== SOURCE MATERIAL ==
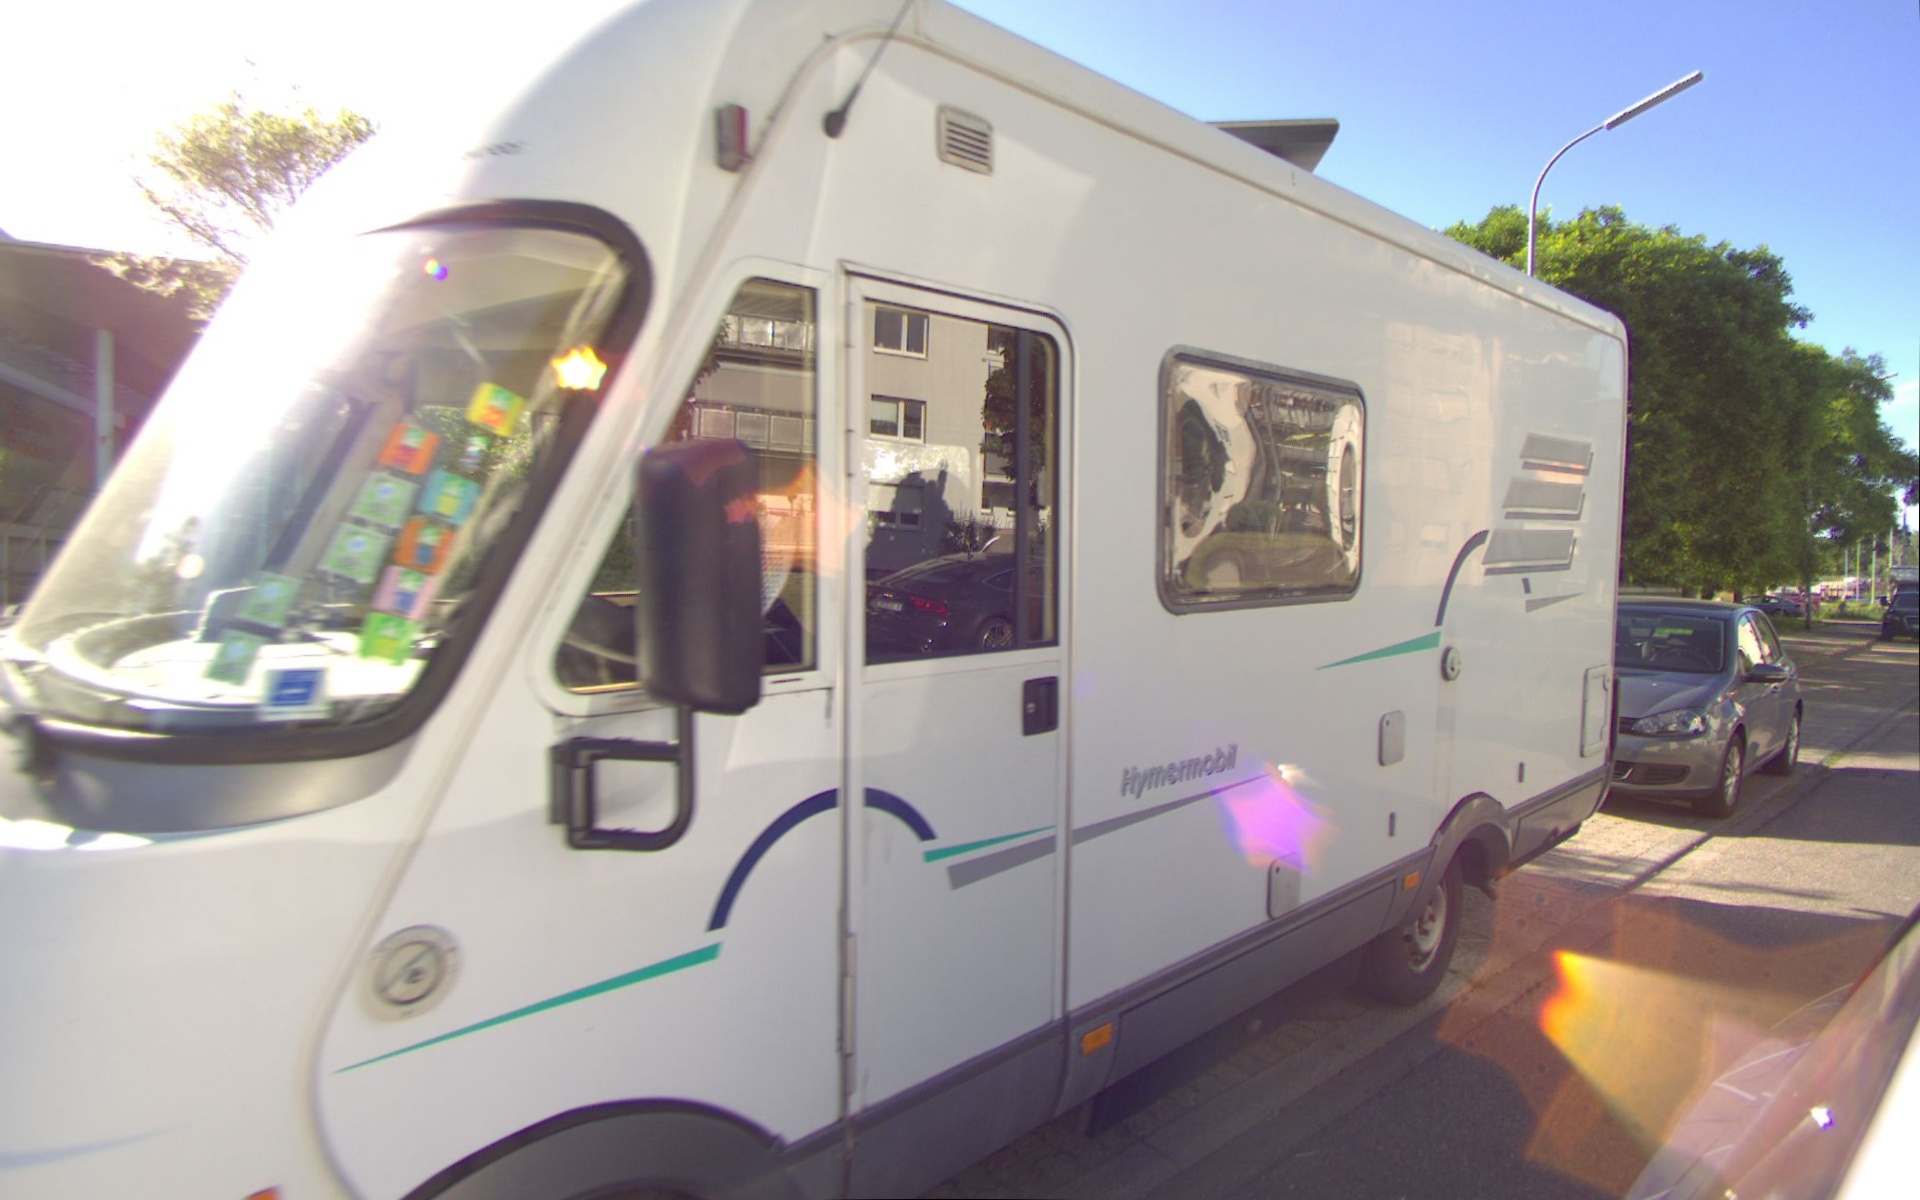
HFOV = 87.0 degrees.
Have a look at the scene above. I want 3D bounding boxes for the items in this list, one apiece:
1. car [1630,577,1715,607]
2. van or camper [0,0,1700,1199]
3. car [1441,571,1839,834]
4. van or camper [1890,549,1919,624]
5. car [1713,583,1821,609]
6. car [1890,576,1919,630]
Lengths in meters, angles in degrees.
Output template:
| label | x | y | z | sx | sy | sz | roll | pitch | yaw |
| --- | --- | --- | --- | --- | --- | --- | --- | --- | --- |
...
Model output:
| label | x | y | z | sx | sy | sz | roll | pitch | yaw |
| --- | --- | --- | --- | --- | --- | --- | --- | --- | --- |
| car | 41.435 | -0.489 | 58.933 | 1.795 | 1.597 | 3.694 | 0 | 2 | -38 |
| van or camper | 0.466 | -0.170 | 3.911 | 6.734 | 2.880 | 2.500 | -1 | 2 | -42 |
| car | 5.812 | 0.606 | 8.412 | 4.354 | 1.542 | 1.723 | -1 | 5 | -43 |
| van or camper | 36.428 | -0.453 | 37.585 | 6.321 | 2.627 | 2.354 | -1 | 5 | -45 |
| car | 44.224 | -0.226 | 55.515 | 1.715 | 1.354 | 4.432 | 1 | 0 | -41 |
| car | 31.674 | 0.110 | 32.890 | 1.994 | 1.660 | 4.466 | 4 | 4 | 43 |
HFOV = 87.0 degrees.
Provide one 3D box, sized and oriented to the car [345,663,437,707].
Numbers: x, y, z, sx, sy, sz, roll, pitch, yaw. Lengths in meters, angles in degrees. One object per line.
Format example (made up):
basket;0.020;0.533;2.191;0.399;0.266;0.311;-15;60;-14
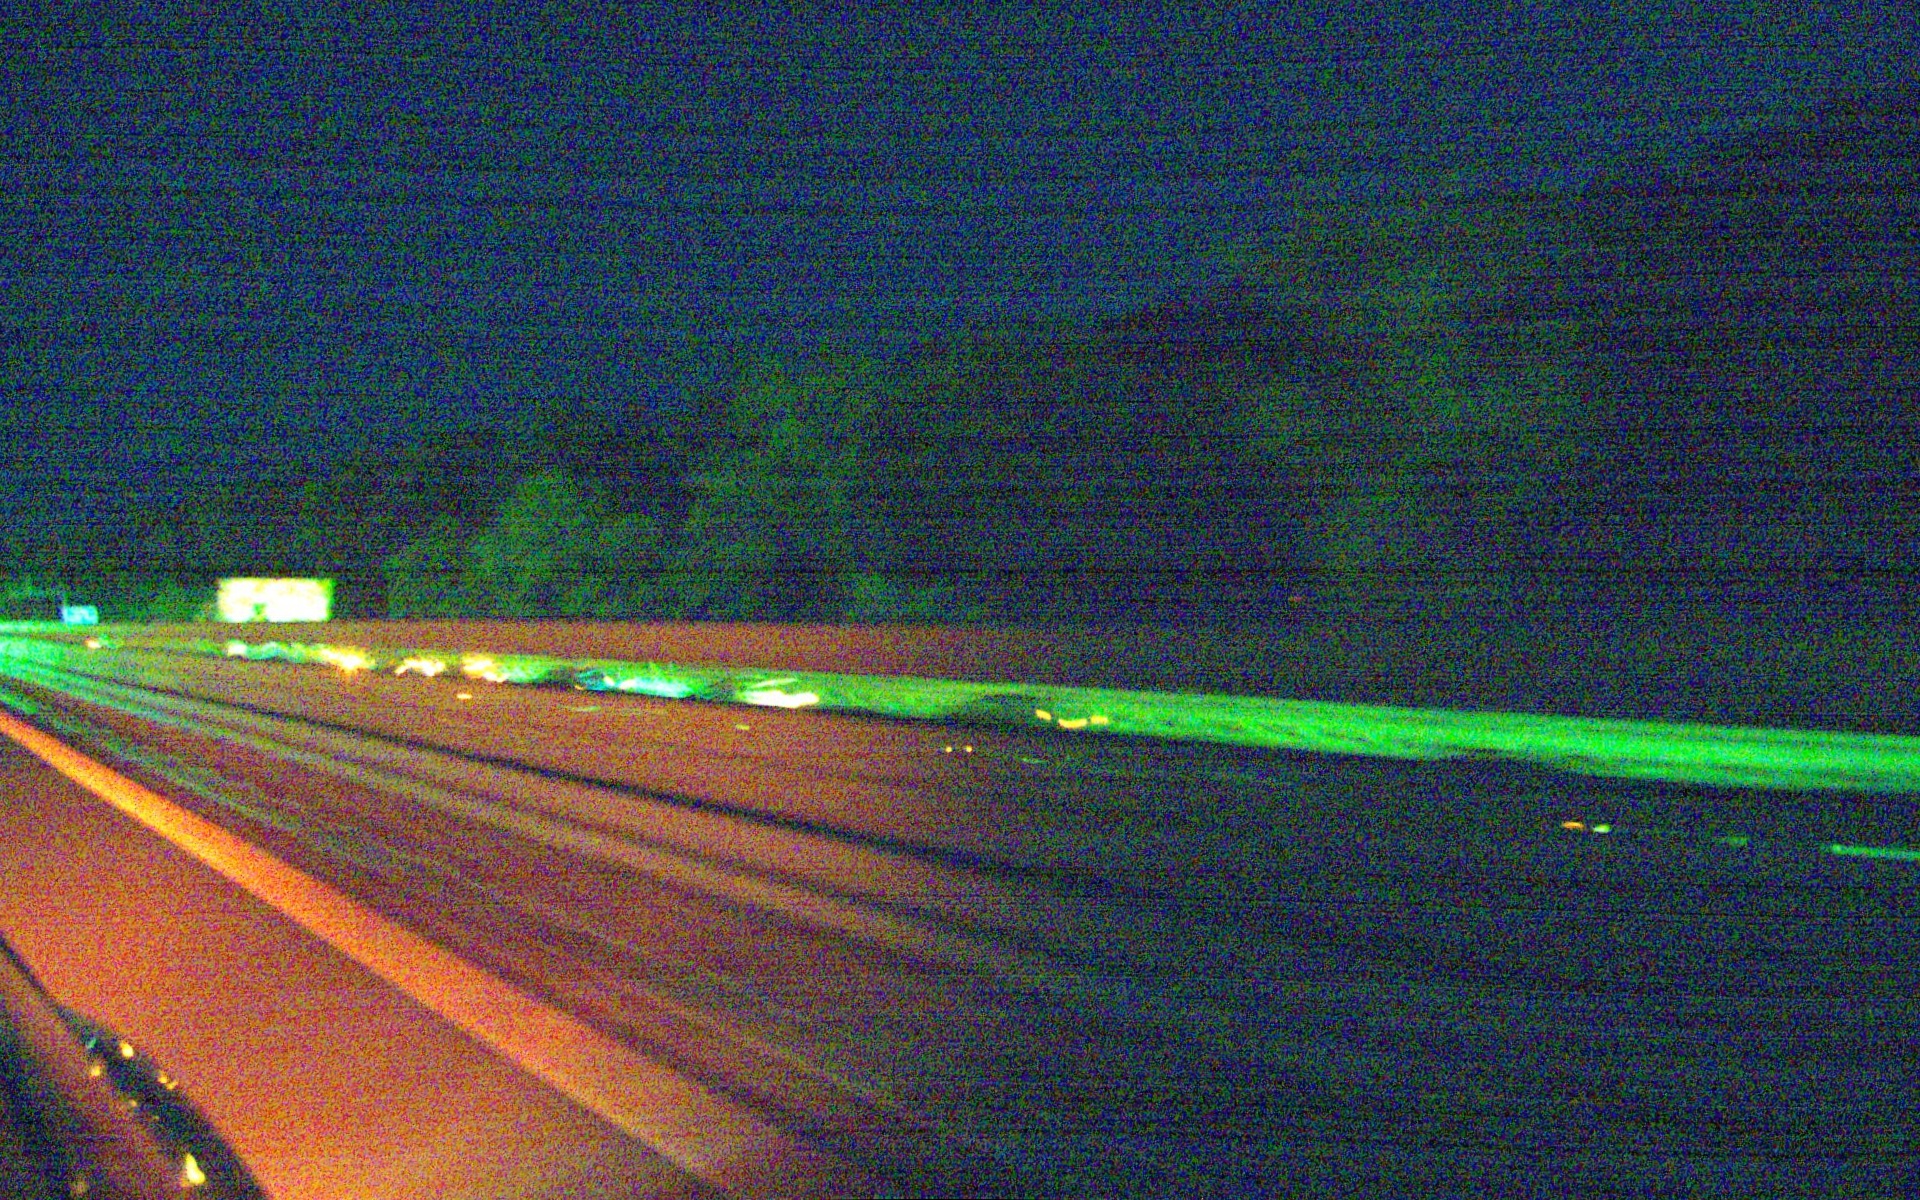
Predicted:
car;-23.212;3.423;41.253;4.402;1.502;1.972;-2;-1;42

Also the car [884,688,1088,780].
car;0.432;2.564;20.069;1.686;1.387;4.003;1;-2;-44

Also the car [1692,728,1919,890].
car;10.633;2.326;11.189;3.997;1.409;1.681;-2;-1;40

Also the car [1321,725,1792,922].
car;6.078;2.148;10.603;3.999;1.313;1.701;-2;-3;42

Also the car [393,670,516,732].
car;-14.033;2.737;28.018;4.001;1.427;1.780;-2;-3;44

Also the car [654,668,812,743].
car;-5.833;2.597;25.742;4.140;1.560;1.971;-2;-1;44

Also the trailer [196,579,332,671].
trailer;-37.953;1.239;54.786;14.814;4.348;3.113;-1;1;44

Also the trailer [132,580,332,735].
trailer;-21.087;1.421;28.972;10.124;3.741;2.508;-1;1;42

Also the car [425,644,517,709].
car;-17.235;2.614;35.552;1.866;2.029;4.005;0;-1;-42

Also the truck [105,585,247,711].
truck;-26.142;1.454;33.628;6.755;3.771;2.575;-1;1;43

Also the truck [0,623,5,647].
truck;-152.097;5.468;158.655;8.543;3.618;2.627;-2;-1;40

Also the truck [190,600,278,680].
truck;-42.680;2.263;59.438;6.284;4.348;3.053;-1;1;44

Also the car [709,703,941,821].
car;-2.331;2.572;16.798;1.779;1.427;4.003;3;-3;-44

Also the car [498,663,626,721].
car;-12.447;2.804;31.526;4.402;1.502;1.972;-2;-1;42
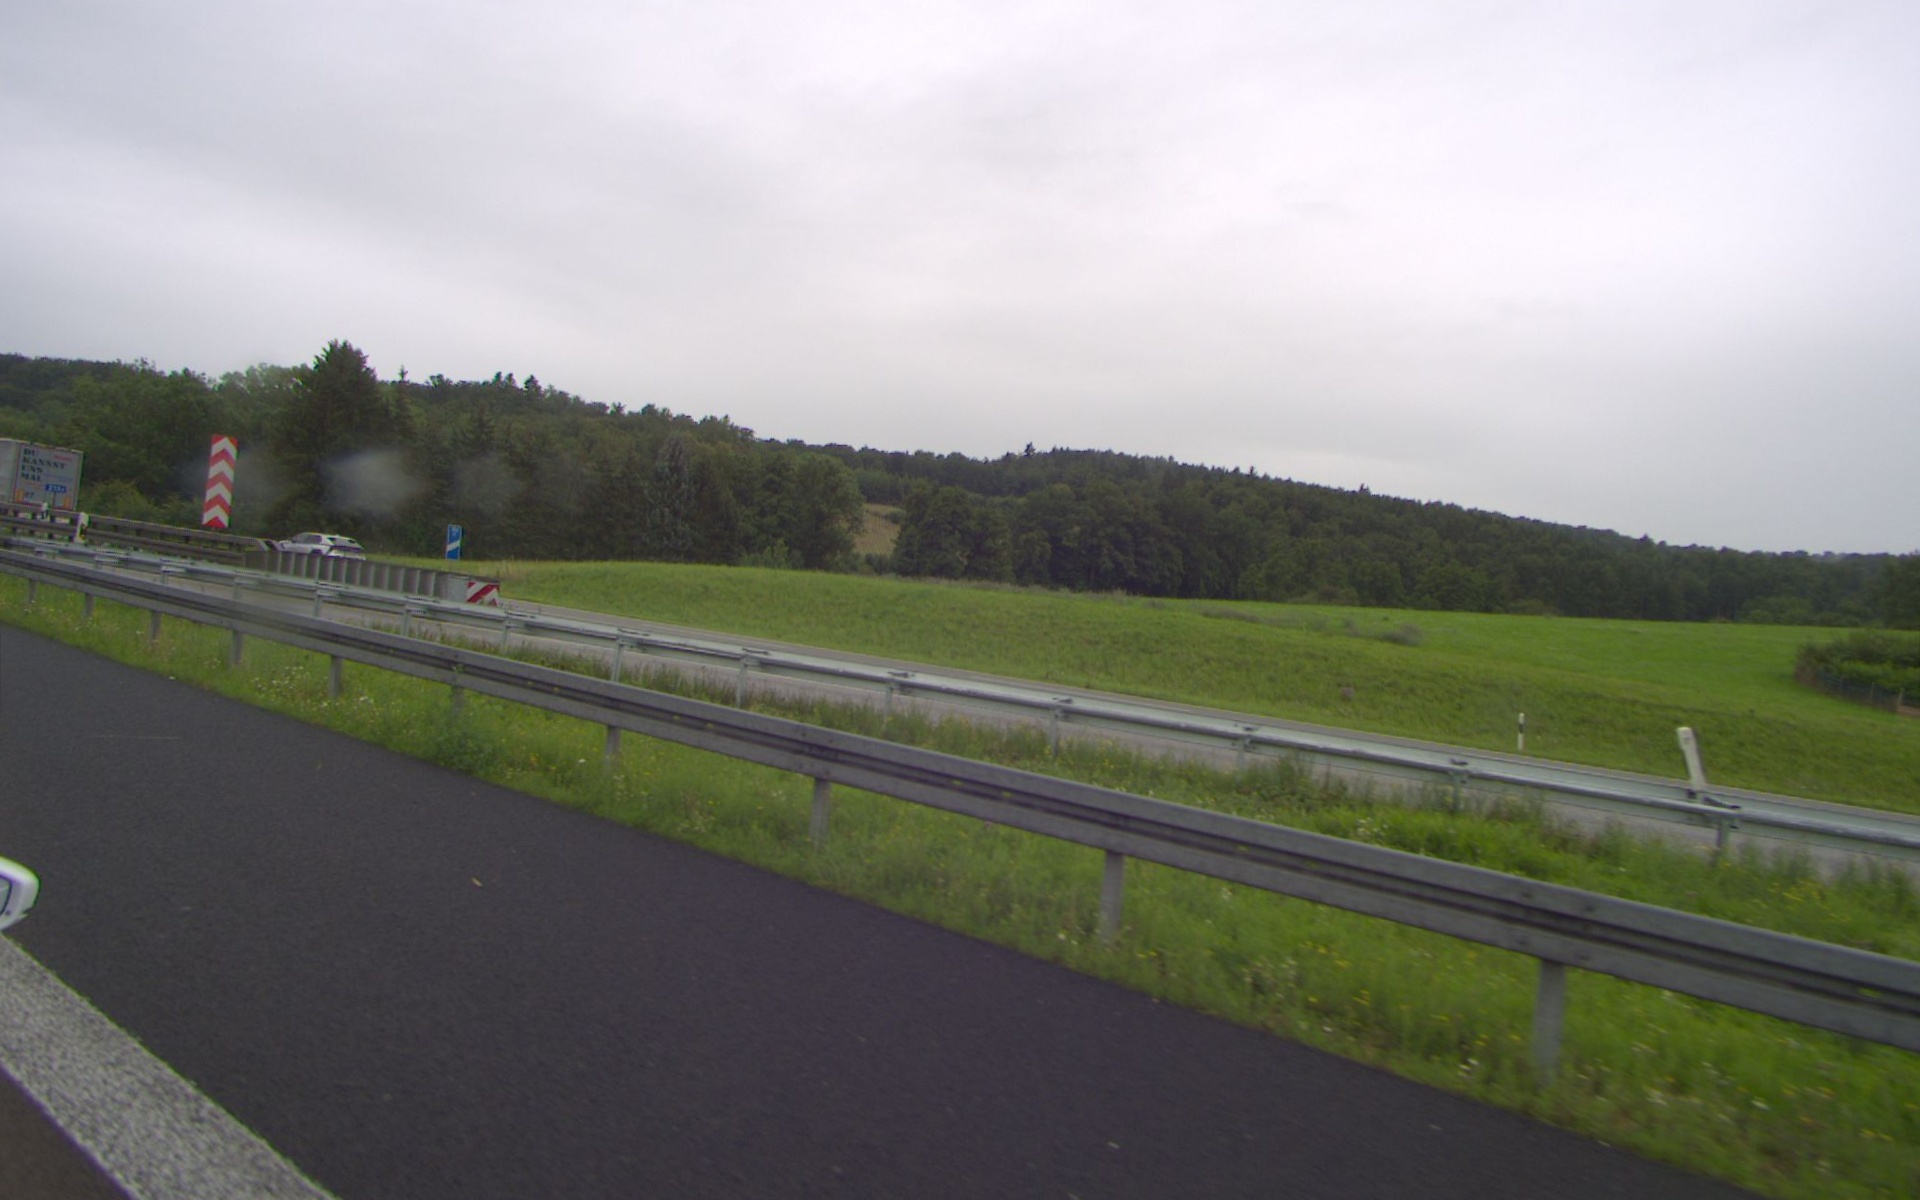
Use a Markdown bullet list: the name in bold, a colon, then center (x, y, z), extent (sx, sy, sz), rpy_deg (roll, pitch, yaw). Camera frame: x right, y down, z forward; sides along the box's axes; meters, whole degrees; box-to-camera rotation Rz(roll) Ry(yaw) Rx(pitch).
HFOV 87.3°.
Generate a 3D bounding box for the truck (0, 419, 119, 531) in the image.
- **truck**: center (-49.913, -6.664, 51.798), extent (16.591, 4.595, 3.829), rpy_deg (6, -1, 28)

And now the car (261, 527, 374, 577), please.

== WHAT THE TASK ASKS ==
I would like you to report every line in the listing above that contains "angles".

== SOLUTION TO THIS TASK ==
Lengths in meters, angles in degrees.
Numbers: x, y, z, sx, sy, sz, roll, pitch, yaw. Lengths in meters, angles in degrees. One object per line.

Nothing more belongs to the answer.